# Collateral Gunfight Scene



## Blotan Hunka (May 24, 2006)

Those who saw the movie will remember this scene..

http://www.the-roberts.info/gallery/albums/GTFriends/collateral.mpg

What do you all think about the realism of this engagement? I like the "martial arts" quality of the scene vs. "target range". One thing I thought about it was how realistic was the way they just dropped when hit? Thoughts?


----------



## KenpoTex (May 24, 2006)

That's actually one of my favorite movie shootings simply because I think it is so realistic ("speed-rock" for the first guy, Mozambique for the second).  You don't have the typical movie BS where the gun never runs out of ammo, the shooter can hit a running man through the head at 50 yards at night one-handed, etc.

As far as the speed with which they dropped, if you make good CNS hits, they'll go down fast.


----------



## Blotan Hunka (May 24, 2006)

True.
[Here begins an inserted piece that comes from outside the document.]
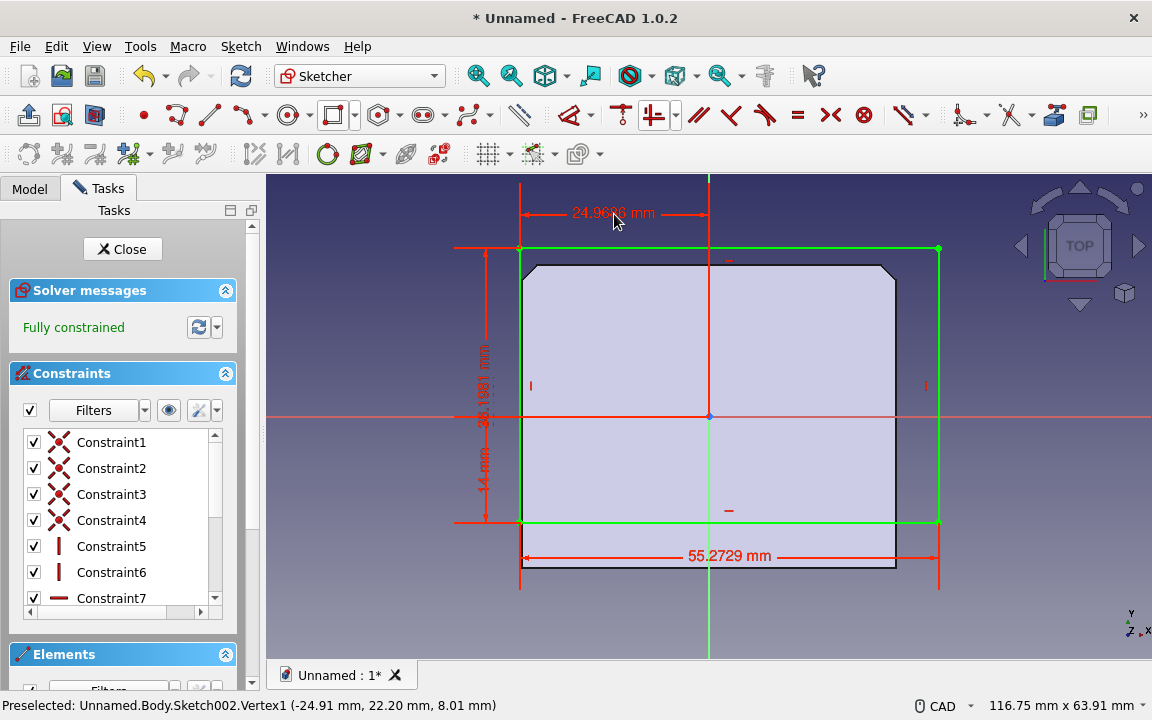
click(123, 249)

I still still think hollywood likes to propogate the "get shot you always fall down" myth. I thought I heard somewhere that some people who die of shock from non-lethal wounds almost "psyched" themselves to death because they always believed that getting shot means death. All in all pistols are not really that consistant of man stoppers. That guy from Florida who killed those FBI agents in the 80's took how many rounds before he died? Still I agree as far as a realistic looking engagement it was pretty good.


----------



## MA-Caver (May 24, 2006)

Blotan Hunka said:
			
		

> True. I still still think hollywood likes to propogate the "get shot you always fall down" myth. I thought I heard somewhere that some people who die of shock from non-lethal wounds almost "psyched" themselves to death because they always believed that getting shot means death. All in all pistols are not really that consistant of man stoppers. That guy from Florida who killed those FBI agents in the 80's took how many rounds before he died? Still I agree as far as a realistic looking engagement it was pretty good.
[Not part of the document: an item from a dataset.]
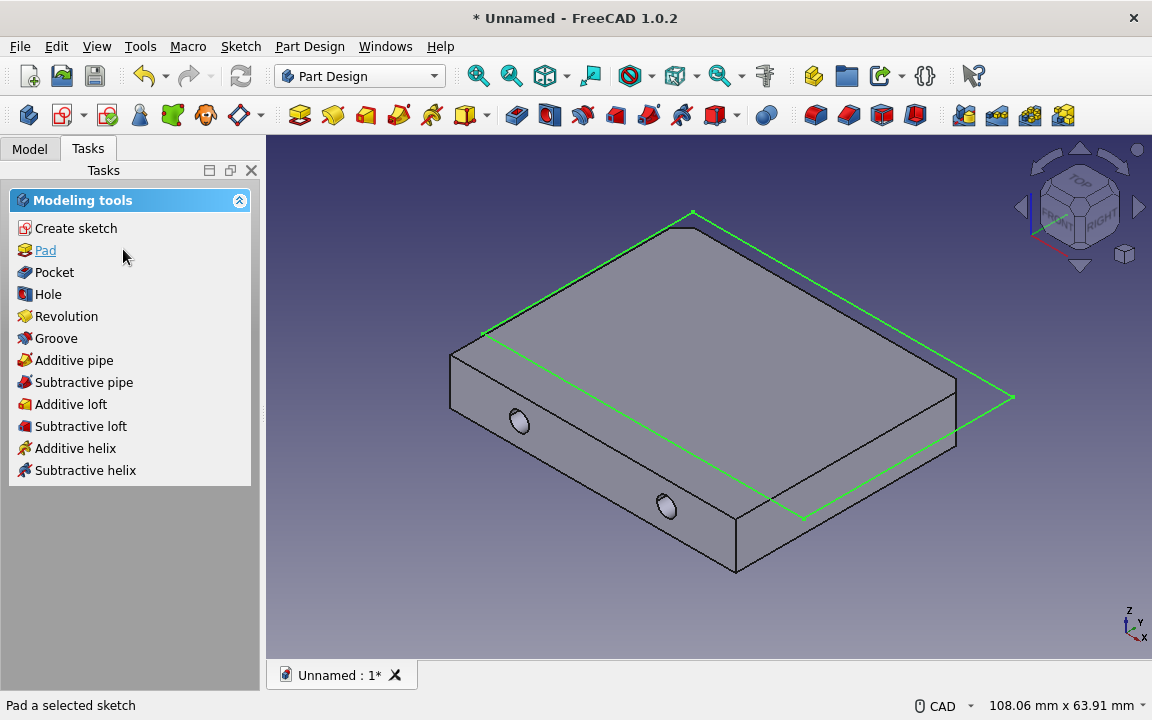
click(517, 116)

An old korean war veteran told me that officers switched from the .45 1911 to a 9mm then in vietnam some of them switched back to the 1911 because of it's ability to knock a man down and KEEP him down. Kinda handy considering the circumstances.

Of course using the double shot (per person) technique is as I understand it a better practice. Then again Cruise's character shoots each of them three times, the first guy a third time as an afterthought... hmm gave the second one three ... he needs his third.


----------



## Jenna (May 25, 2006)

Blotan Hunka said:
			
		

> Those who saw the movie will remember this scene..
> 
> http://www.the-roberts.info/gallery/albums/GTFriends/collateral.mpg
> 
> What do you all think about the realism of this engagement? I like the "martial arts" quality of the scene vs. "target range". One thing I thought about it was how realistic was the way they just dropped when hit? Thoughts?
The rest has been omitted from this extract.